TASK: Look below for the lines from the one with "3) car [964,854,1046,885]" to the one with "Answer in list order.", and copy exactly those lines, both ends included.

EXTRACTED ENTRIES:
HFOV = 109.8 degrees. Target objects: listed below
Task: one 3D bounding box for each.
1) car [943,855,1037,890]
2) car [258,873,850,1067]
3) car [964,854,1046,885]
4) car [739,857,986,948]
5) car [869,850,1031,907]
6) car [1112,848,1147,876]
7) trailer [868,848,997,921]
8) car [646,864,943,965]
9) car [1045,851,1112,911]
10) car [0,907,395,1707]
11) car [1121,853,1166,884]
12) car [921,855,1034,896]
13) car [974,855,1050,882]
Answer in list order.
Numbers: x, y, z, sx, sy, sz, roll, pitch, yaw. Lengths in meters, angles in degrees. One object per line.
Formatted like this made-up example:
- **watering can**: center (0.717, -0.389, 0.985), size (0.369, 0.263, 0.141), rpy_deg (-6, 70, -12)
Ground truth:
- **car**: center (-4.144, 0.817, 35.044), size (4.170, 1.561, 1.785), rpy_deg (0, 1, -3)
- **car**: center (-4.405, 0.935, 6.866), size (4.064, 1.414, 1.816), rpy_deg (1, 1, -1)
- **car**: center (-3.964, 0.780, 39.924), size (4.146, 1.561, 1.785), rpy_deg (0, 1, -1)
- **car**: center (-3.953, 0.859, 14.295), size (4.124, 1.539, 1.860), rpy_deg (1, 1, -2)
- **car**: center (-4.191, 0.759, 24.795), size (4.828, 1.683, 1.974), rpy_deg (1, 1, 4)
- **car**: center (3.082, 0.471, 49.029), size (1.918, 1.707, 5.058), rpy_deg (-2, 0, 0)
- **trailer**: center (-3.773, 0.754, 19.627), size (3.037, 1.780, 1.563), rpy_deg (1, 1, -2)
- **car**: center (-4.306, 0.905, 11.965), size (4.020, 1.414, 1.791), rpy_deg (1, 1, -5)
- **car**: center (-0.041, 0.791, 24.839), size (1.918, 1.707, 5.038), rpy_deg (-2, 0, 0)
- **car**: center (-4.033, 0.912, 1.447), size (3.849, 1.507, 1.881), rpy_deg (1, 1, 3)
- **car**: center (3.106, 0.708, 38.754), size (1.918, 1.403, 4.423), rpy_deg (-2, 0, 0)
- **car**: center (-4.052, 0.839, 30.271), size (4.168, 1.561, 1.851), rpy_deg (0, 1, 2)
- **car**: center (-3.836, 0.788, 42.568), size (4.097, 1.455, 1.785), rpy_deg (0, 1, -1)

ANSWER:
3) car [964,854,1046,885]
4) car [739,857,986,948]
5) car [869,850,1031,907]
6) car [1112,848,1147,876]
7) trailer [868,848,997,921]
8) car [646,864,943,965]
9) car [1045,851,1112,911]
10) car [0,907,395,1707]
11) car [1121,853,1166,884]
12) car [921,855,1034,896]
13) car [974,855,1050,882]
Answer in list order.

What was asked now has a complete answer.